Theory of High-Aspect-Ratio Planing Surfaces

Abstract

Abstract : A high-aspect-ratio planing surface gliding on a stream of an infinitely deep, incompressible, inviscid and gravity-free fluid is treated. This complicated problem is decomposed into two relatively simpler boundary- value problems: (1) The near-field boundary-value problem is valid only in the neighborhood of the planing surface. The problem is solved by the classical hodograph method. The second-order inner problem is also shown to be a plane, irrotational flow and the solution is obtained by following the same procedure as in the first-order inner solution. (2) The far-field boundary-value problem is valid only far away from the planing surface. The first-order outer solution is shown to be a trivial uniform flow. The outer velocity potential is defined in the whole space by harmonic continuation. The second-order solution is then shown to be similar to a lifting-line solution. The unknown strength of singularities is obtained by matching of the velocity potential. Then a matching of the free-surface deflection provides a height reference for the planing surface. The location of the planing surface with respect to the undisturbed free surface is uniquely defined.
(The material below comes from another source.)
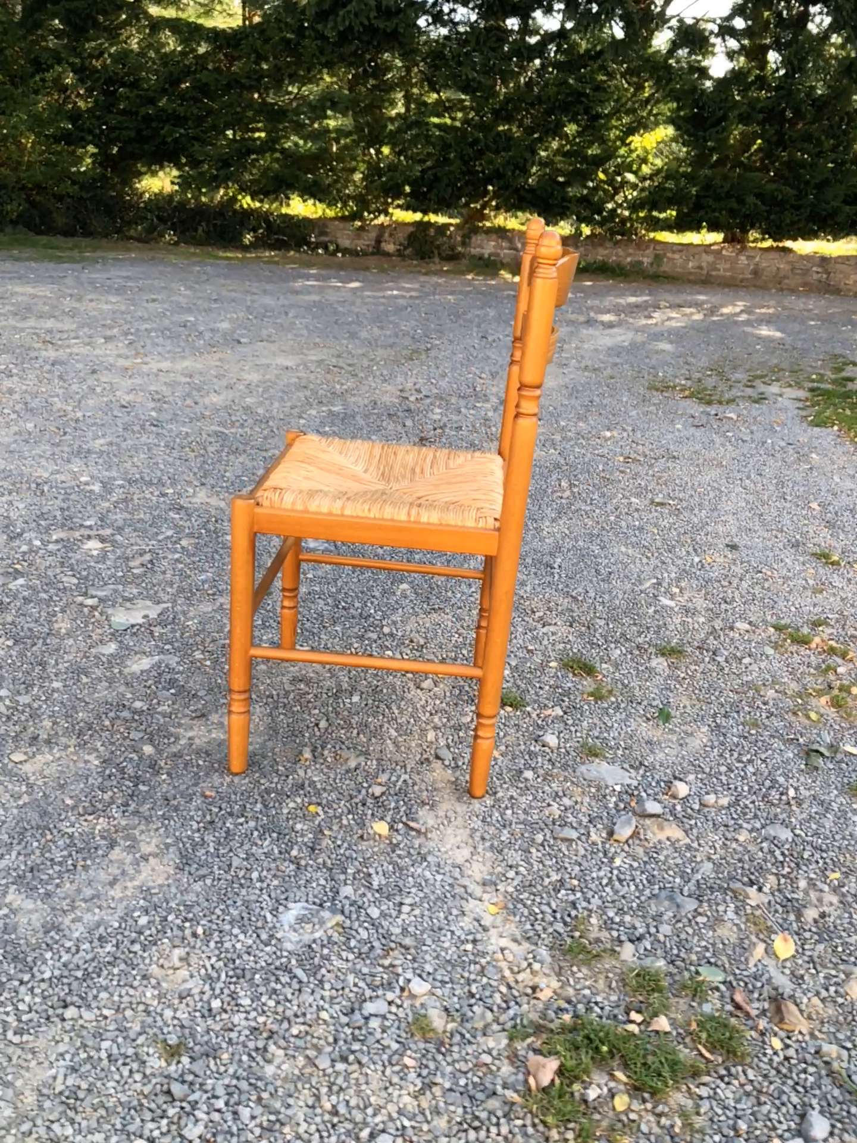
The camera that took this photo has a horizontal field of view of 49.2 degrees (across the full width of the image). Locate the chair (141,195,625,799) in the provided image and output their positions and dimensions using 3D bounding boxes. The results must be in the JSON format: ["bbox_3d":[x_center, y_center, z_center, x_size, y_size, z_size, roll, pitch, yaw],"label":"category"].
[{"bbox_3d":[-0.050,-0.139,1.384,0.520,0.736,0.513,3,24,2],"label":"chair"}]

In order to obtain a unique second-order solution, it is necessary to solve the third-order outer solution. The detail of this solution is presented. A numerical solution for a planing plate of arbitrary angle of attack is presented. A downwash correction is also included. It is shown mathematically that the present theory can be applied to V-shape or general-shape planing surfaces with curvature in the spanwise direction.